On doit choisir un restaurateur, autant qu’on le peut, dans les environs du Palais-Royal: pour quatre à cinq francs on dînera très–confortablement. Si l’on a fait un déjeuner un peu substantiel, et qu’on ne se trouve pas en appétit, c’est un très-sot amour-propre de demander, après le premier plat, un mets auquel on ne touchera point, pour ne pas avoir, aux yeux du garçon qui sert, ou de la dame du comptoir qui fait la carte, l’air de dîner à bon marché.
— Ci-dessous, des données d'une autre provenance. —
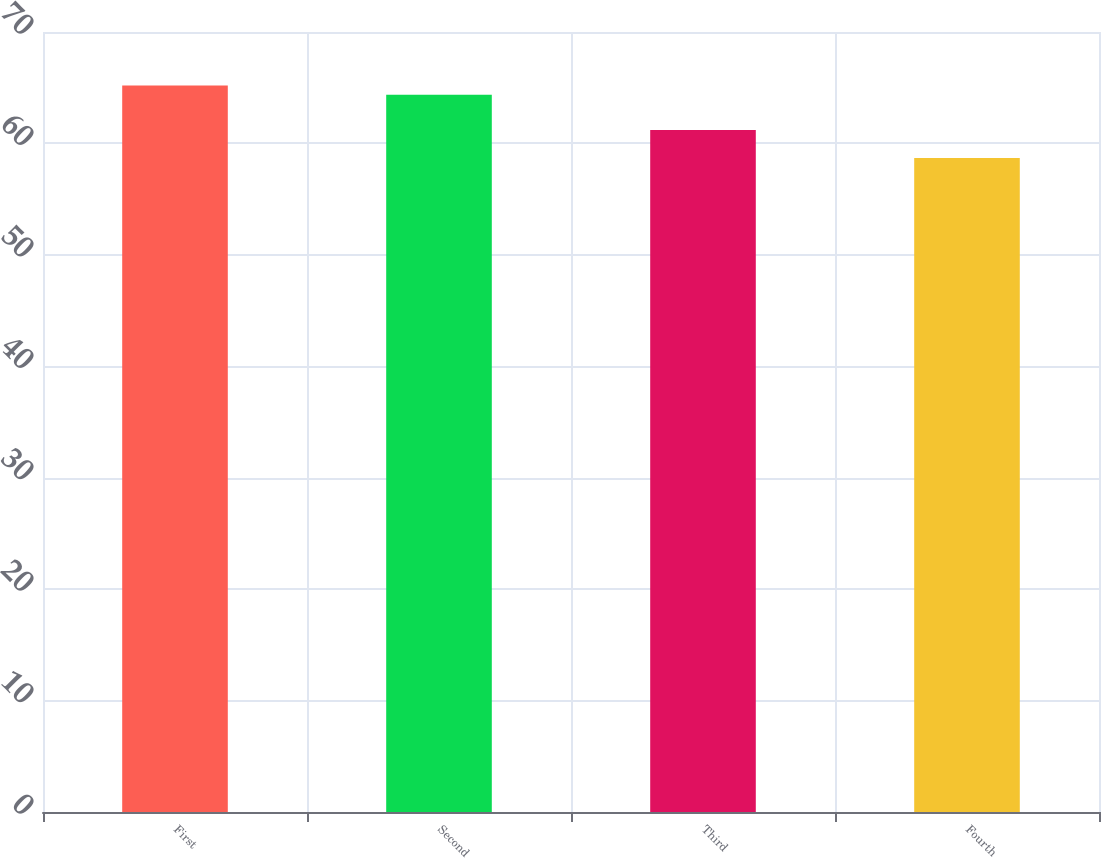Convert chart. <chart><loc_0><loc_0><loc_500><loc_500><bar_chart><fcel>First<fcel>Second<fcel>Third<fcel>Fourth<nl><fcel>65.19<fcel>64.37<fcel>61.21<fcel>58.7<nl></chart>

Ni l’un ni l’autre ne pensent a vous, soyez en sûr, si non pour être à votre commandement, et recevoir votre argent. A peine serez-vous sorti, qu’ils ne se souviendront ni de vous, ni de votre dîner.
Prendre la carte à payer qu’on vous présente, y jeter un coup d’œil distrait, la solder et la chiffonner ensuite, n’est pas se donner un air de grandeur, mais faire un métier de dupe. Avant de compter votre argent, il est bien de vérifier si on ne vous demande que ce que vous devez. Non pas que les restaurateurs soient, dans leurs calculs, sujets à caution, mais, comme tous les autres hommes, ils sont exposés à l’erreur: dans une salle où soixante à quatre-vingts dîneurs se pressent et demandent tous à la fois, un garçon peut s’étourdir; une dame à qui on réclame en même temps cinq à six cartes, peut, de son côté, perdre aussi la tête, et vous envoyer la carte de votre voisin, qui a dépensé deux fois plus que vous, ou vous porter des mets que vous n’aurez pas eus. Avant de lâcher son argent, il faut donc s’assurer que le compte est juste.